Restoring Native Oysters on North America's West Coast

Webinar Summary Resource
April 2020
Muddy Oysters in Alamitos Bay (photo credit: danielle zacherl)

Webinar Description

Conservation and restoration of coastal foundation species has become a global priority, to protect and enhance the habitats and services they provide. The oyster native to the west coast of North America between Baja California and British Columbia is Ostrea lurida, the Olympia oyster, a species quite unfamiliar to many people, even those that live in the region.  Unlike oysters in other regions, this one is quite small, and does not form high profile reefs. Nevertheless, it is a vital part of bays and estuaries along the Pacific coast, providing food for humans and other species and enriching diversity.  Recently, a community of practice has formed to rebuild populations of Olympia oysters to maintain their legacy for future generations. 
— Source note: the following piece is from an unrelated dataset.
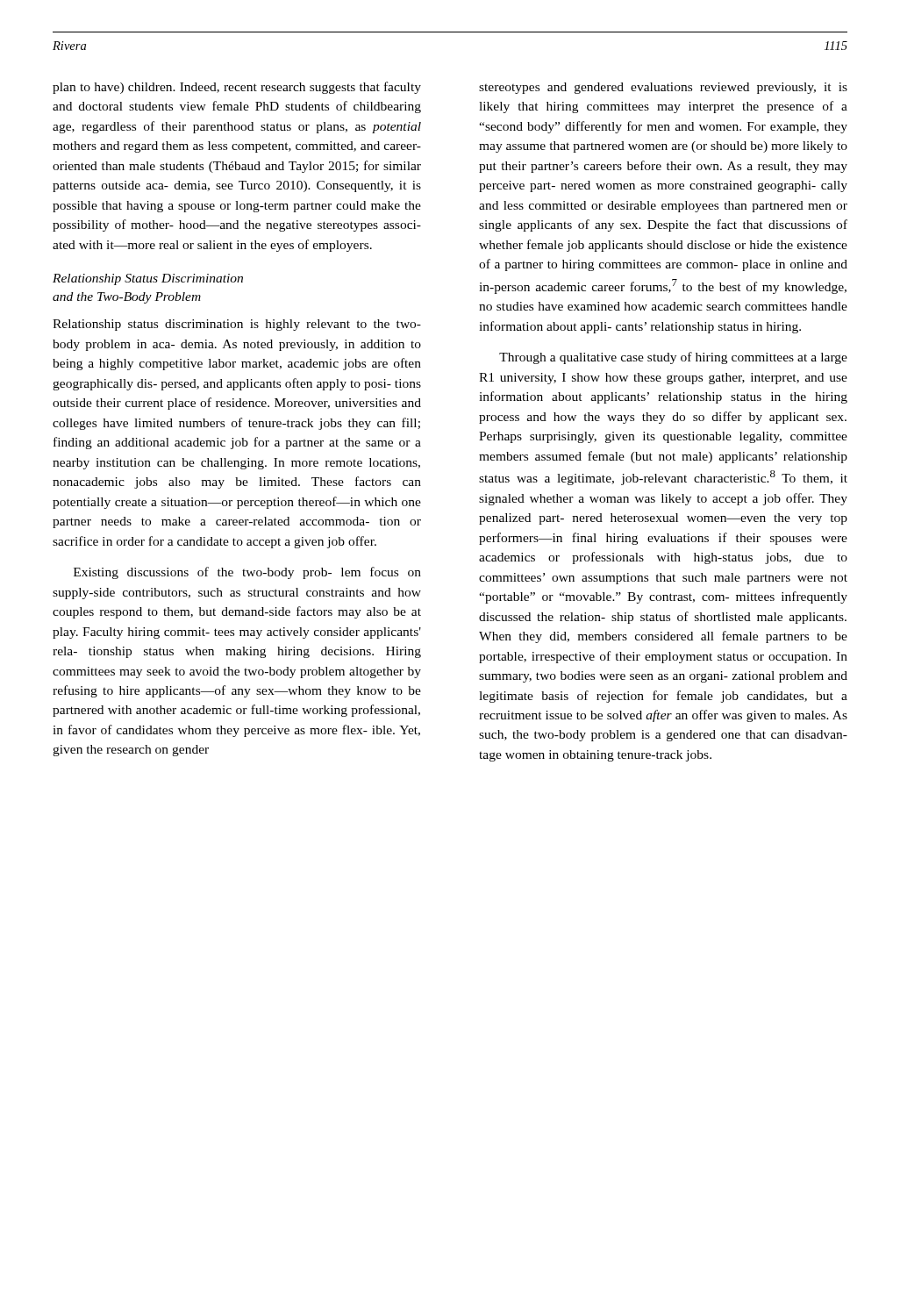Select the section header that reads "Relationship Status Discriminationand the Two-Body Problem"

[237, 288]

The Native Olympia Oyster Collaborative (NOOC) was supported in the past year by funding from the National Estuarine Research Reserve System’s Science Collaborative.  NOOC created a website (https://olympiaoysternet.ucdavis.edu) to serve as a portal for resources about native oyster science, restoration, and education.  NOOC also compiled the first comprehensive archive of Olympia oyster restoration projects, creating an ARC GIS Story Map (https://projects.trnerr.org/oystermap/) to highlight them, and conducting a synthesis of approaches and lessons learned.

This April 2020 webinar introduced the unique ecology of the Olympia oyster, the challenges it faces, and approaches taken to restoration. The webinar also highlighted NOOC’s accomplishments to date, including the development of the web portal and story map.  Finally, presenters shared lessons learned from the synthesis of twenty years of restoration projects conducted along over 2000 km of coast line. These lessons apply to restoration of any coastal foundation species anywhere: the importance of a structured decision-framework to match goals to approaches, the opportunities for community engagement, the need to consider ecosystem processes, and the value of a regional network for strategic planning.